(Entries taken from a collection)

──────────────────────────────

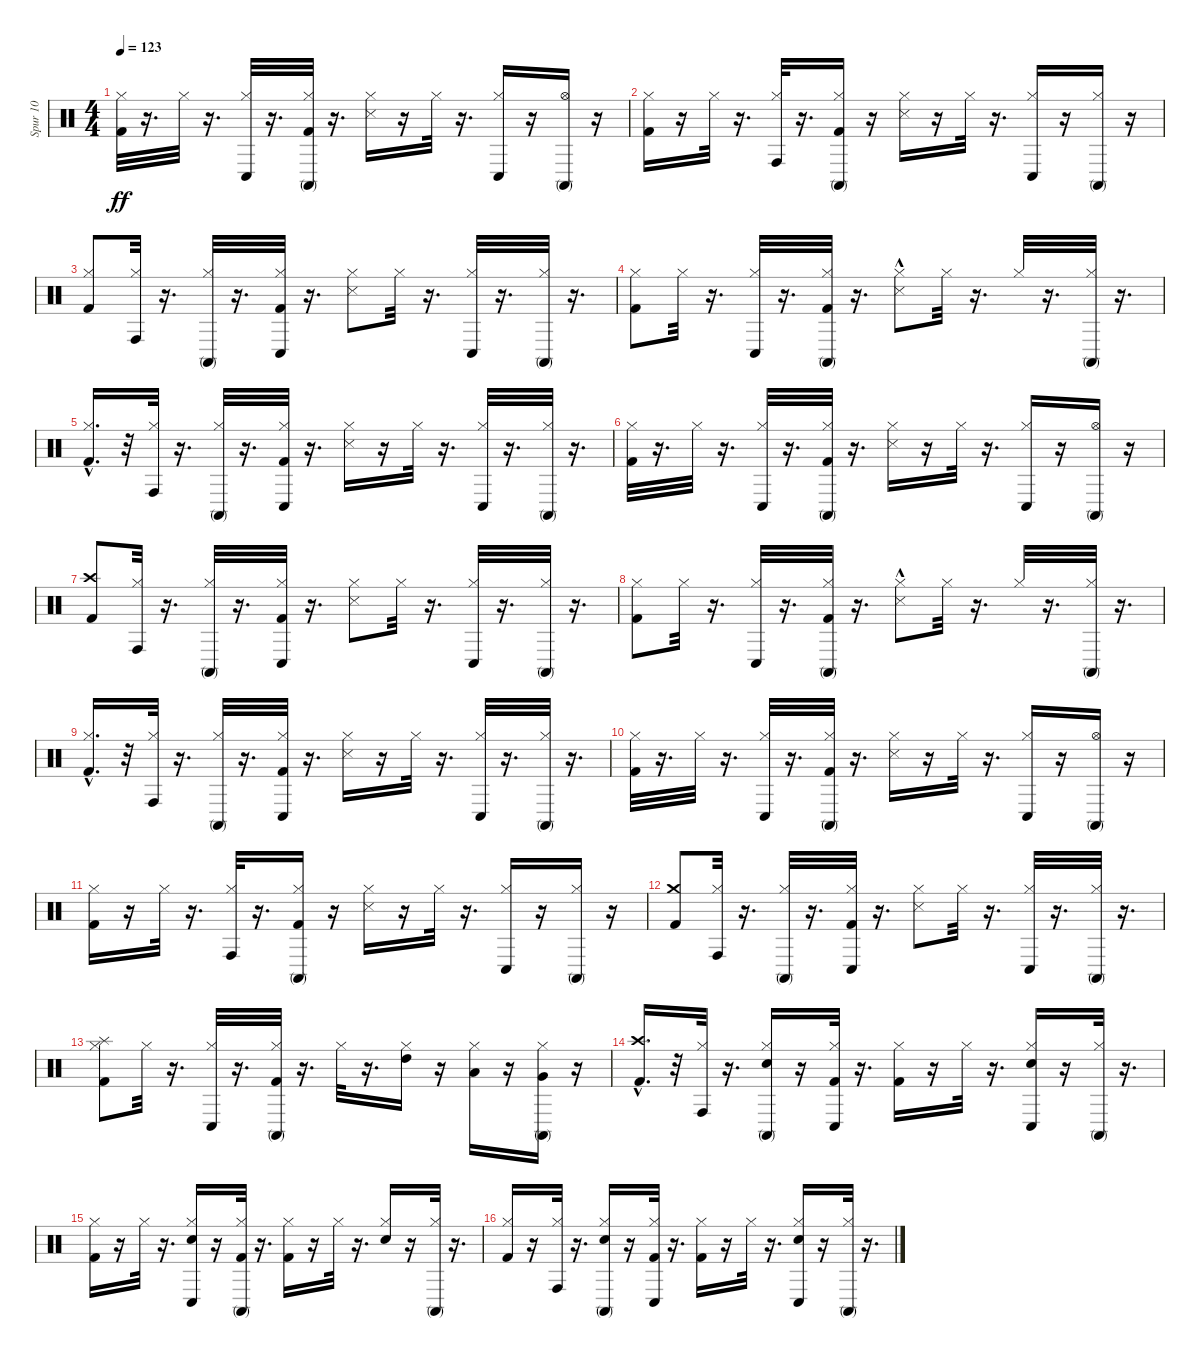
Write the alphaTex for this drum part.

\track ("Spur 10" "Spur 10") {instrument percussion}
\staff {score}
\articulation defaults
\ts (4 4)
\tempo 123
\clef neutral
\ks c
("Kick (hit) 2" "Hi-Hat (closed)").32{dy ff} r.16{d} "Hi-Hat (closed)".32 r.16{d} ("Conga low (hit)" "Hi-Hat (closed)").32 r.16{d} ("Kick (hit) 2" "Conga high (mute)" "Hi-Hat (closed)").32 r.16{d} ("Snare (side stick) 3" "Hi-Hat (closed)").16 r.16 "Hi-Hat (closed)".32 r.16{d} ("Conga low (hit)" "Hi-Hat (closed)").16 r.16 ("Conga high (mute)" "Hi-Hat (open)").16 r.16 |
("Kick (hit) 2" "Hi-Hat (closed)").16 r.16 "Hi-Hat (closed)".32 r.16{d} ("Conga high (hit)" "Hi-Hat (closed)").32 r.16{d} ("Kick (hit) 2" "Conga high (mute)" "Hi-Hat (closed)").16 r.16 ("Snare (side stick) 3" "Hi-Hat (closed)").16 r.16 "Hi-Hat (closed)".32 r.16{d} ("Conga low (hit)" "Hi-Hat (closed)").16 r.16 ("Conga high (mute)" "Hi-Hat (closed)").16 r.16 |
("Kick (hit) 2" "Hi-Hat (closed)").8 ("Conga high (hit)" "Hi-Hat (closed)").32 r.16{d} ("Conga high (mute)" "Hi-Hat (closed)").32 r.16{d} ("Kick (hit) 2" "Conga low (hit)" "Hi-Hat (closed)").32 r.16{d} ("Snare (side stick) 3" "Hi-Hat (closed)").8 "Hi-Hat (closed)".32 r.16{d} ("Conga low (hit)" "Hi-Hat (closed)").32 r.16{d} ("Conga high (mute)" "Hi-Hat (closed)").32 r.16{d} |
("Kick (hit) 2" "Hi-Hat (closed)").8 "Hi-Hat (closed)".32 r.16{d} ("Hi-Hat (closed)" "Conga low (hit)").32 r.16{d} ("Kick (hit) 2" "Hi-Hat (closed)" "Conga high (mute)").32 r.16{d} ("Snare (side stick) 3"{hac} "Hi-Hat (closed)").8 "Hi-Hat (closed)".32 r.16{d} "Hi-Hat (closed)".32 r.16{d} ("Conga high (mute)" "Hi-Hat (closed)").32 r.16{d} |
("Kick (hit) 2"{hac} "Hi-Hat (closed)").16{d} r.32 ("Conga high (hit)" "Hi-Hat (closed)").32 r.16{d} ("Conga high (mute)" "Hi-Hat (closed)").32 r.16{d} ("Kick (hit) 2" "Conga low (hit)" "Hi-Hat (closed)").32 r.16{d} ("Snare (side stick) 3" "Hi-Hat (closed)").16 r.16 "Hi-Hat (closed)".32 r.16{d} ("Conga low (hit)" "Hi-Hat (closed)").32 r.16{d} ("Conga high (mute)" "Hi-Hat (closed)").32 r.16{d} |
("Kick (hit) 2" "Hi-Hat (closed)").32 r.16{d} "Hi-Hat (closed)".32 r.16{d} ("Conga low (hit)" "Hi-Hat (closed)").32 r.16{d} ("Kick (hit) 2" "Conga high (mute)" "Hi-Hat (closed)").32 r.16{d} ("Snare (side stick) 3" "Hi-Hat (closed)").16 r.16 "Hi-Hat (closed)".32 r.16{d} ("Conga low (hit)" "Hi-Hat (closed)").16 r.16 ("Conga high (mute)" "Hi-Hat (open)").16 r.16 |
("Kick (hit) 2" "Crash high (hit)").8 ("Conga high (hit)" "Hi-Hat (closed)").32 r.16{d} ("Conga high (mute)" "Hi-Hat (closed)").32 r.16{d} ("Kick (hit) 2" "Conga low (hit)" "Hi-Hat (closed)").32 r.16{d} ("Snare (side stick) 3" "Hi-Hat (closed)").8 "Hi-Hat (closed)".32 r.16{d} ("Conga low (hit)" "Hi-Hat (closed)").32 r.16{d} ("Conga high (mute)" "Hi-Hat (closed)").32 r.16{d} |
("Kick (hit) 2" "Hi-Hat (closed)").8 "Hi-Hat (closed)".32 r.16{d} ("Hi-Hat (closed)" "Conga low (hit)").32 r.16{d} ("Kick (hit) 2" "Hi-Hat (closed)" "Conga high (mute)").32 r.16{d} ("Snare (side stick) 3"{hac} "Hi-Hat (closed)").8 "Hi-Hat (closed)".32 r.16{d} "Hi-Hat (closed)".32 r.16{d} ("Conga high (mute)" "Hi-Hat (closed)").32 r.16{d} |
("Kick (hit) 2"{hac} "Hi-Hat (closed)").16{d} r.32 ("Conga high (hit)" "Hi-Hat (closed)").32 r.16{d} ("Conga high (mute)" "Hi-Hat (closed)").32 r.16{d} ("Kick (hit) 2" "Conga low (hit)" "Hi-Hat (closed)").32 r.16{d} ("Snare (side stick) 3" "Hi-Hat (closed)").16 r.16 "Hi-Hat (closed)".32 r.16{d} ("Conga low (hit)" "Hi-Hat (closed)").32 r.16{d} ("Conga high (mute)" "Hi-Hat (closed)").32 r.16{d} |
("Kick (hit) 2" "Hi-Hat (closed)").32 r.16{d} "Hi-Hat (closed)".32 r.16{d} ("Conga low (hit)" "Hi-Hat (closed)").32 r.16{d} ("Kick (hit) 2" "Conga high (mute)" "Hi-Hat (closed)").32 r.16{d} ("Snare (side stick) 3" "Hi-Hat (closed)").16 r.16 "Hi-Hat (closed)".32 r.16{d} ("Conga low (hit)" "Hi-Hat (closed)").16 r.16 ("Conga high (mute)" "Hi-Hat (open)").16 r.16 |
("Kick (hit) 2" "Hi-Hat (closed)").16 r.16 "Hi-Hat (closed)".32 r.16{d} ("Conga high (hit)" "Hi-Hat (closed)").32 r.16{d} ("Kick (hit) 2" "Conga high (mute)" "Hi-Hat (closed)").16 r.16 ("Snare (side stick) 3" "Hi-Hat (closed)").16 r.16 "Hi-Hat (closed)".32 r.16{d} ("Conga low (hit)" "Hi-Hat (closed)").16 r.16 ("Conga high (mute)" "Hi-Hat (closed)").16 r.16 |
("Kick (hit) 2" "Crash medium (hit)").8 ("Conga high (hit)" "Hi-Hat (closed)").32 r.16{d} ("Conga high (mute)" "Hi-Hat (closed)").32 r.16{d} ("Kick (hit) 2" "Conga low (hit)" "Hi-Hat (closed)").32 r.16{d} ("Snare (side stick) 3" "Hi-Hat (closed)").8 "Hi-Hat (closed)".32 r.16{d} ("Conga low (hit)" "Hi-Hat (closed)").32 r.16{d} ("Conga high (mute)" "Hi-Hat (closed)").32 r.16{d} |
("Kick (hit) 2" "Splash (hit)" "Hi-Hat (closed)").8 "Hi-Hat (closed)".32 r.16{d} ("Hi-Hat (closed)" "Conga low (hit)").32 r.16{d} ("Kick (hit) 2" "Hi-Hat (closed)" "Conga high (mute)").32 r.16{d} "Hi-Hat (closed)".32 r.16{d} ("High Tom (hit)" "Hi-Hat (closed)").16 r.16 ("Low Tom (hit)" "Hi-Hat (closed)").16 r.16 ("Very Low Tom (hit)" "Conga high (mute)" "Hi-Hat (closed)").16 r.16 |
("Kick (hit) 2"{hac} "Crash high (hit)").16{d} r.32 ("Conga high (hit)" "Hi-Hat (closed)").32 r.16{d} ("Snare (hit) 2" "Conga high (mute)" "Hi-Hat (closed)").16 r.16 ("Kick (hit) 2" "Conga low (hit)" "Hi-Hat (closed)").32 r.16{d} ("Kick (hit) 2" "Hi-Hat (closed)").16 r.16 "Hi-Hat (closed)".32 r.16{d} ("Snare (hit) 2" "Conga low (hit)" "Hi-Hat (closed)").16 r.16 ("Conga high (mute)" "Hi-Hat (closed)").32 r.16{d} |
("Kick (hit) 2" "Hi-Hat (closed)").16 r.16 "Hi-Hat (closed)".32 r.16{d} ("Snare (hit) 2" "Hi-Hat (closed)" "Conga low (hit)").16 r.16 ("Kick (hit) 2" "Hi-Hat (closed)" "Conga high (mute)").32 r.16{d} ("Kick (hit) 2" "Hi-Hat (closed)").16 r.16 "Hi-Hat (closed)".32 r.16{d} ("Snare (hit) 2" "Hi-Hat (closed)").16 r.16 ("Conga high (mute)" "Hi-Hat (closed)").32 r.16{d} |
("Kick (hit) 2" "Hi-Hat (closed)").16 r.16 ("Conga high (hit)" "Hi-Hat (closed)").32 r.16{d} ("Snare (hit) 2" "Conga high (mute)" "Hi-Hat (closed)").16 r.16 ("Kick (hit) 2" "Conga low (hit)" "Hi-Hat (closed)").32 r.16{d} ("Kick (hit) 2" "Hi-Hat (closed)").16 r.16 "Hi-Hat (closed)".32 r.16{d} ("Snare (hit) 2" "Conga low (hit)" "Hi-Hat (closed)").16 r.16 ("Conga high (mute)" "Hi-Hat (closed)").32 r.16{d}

──────────────────────────────

WHAT YOU NEED TO DO » Respond with only the number of lines in the data that include the string "Crash".

RESULT » 3